[Data]

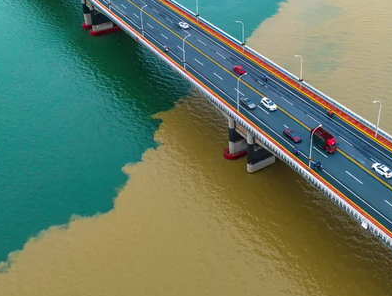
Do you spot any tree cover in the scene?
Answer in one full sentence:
No, the picture contains no tree cover.
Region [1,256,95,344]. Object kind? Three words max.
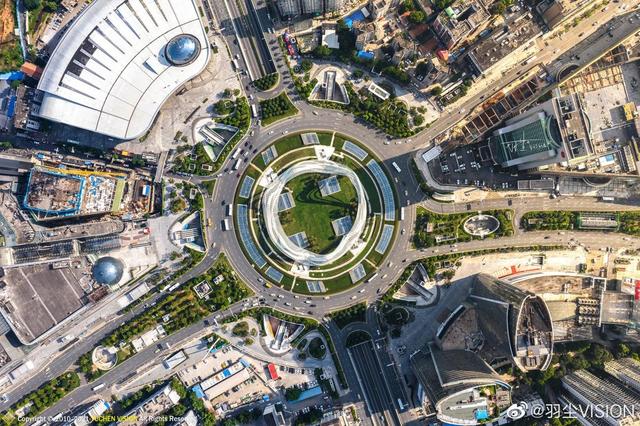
building
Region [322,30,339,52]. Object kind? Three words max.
house
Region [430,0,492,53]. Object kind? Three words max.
building
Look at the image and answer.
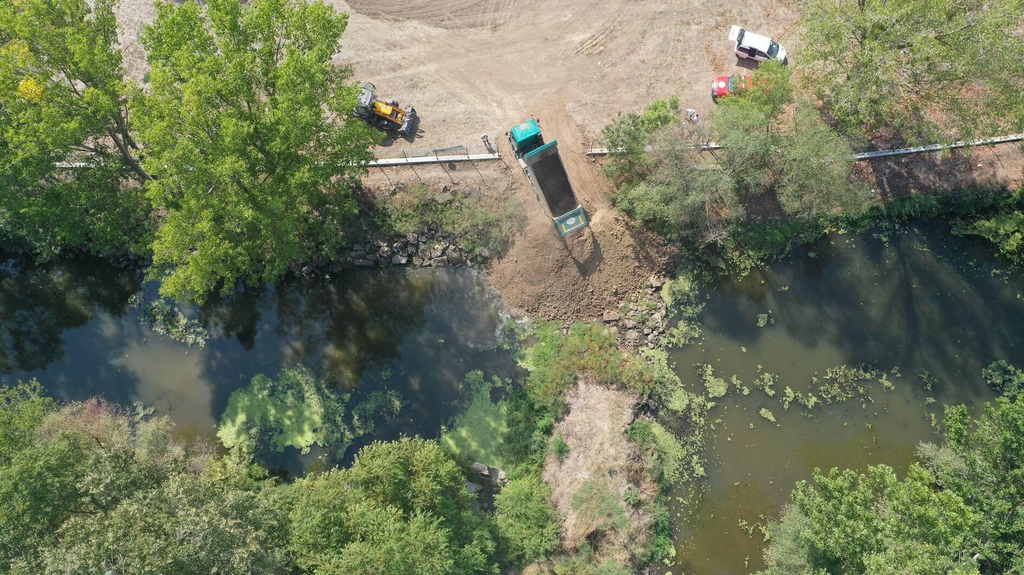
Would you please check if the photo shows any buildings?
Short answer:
No
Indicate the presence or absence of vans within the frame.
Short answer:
Yes
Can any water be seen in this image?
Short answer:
Yes
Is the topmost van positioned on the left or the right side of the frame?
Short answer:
right
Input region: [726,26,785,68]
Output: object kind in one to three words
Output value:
van
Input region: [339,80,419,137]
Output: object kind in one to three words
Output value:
work vehicle
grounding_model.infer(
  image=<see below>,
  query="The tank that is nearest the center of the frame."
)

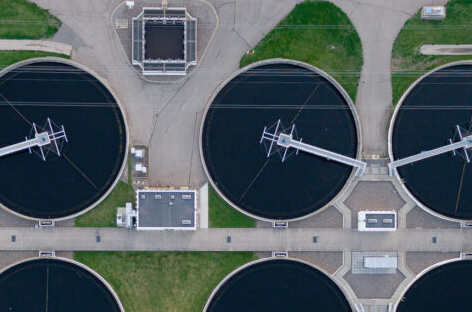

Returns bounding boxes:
[200,59,363,221]
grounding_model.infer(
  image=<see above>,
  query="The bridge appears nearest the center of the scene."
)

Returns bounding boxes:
[274,131,363,178]
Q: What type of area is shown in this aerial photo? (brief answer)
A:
industrial area
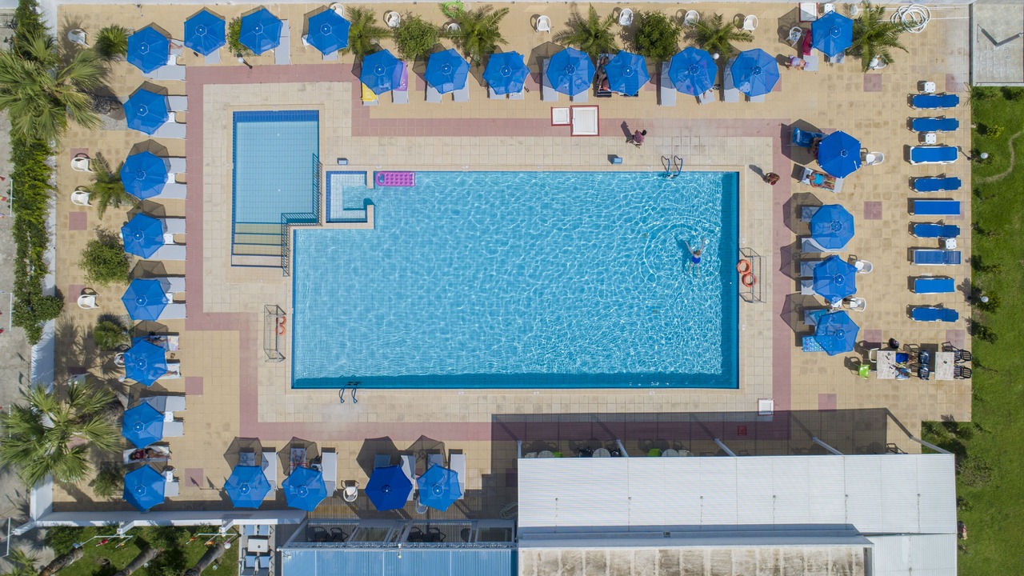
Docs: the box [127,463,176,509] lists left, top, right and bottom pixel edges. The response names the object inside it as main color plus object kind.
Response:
blue umbrella
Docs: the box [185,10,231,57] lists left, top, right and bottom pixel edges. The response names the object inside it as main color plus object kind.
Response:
blue umbrella
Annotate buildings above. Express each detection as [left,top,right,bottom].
[517,435,958,576]
[280,518,515,576]
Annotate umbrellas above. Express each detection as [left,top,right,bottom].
[808,308,858,353]
[423,48,469,94]
[483,52,530,97]
[804,203,852,247]
[807,11,849,59]
[545,47,594,97]
[284,461,329,508]
[806,254,853,302]
[366,465,414,509]
[125,399,175,444]
[419,461,461,507]
[126,212,169,258]
[127,338,178,385]
[241,10,284,57]
[227,464,275,505]
[602,51,649,100]
[729,49,777,99]
[810,131,859,179]
[123,150,173,199]
[127,463,176,509]
[668,47,717,96]
[132,27,180,72]
[127,87,177,134]
[125,278,177,321]
[360,49,405,97]
[310,9,351,56]
[185,10,231,57]
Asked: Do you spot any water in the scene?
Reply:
Yes

[/Data]

Action item — Print the listing exactly, minus any pictures.

Reply to the task —
Do you spot any tree cover in the scene?
Answer in one full sentence:
No, the picture contains no tree cover.
Region [1,256,95,344]. Object kind? Three words max.
building
Region [322,30,339,52]. Object kind? Three words max.
house
Region [430,0,492,53]. Object kind? Three words max.
building
Look at the image and answer.
Would you please check if the photo shows any buildings?
Short answer:
No
Indicate the presence or absence of vans within the frame.
Short answer:
Yes
Can any water be seen in this image?
Short answer:
Yes
Is the topmost van positioned on the left or the right side of the frame?
Short answer:
right
Input region: [726,26,785,68]
Output: object kind in one to three words
Output value:
van
Input region: [339,80,419,137]
Output: object kind in one to three words
Output value:
work vehicle
grounding_model.infer(
  image=<see below>,
  query="The tank that is nearest the center of the frame."
)


Returns bounding boxes:
[200,59,363,221]
grounding_model.infer(
  image=<see above>,
  query="The bridge appears nearest the center of the scene."
)

Returns bounding boxes:
[274,131,363,178]
Q: What type of area is shown in this aerial photo? (brief answer)
A:
industrial area
Docs: the box [127,463,176,509] lists left, top, right and bottom pixel edges. The response names the object inside it as main color plus object kind.
Response:
blue umbrella
Docs: the box [185,10,231,57] lists left, top, right and bottom pixel edges. The response names the object inside it as main color plus object kind.
Response:
blue umbrella
Annotate buildings above. Express each detection as [left,top,right,bottom].
[517,435,958,576]
[280,518,515,576]
Annotate umbrellas above. Express each detection as [left,top,right,bottom].
[808,308,858,353]
[423,48,469,94]
[483,52,530,97]
[804,203,852,247]
[807,11,849,59]
[545,47,594,97]
[284,461,329,508]
[806,254,853,302]
[366,465,414,509]
[125,399,175,444]
[419,461,461,507]
[126,212,169,258]
[127,338,178,385]
[241,10,284,57]
[227,464,275,505]
[602,51,649,100]
[729,49,777,99]
[810,131,859,179]
[123,150,173,199]
[127,463,176,509]
[668,47,717,96]
[132,27,180,72]
[127,87,177,134]
[125,278,177,321]
[360,49,405,97]
[310,9,351,56]
[185,10,231,57]
Asked: Do you spot any water in the scene?
Reply:
Yes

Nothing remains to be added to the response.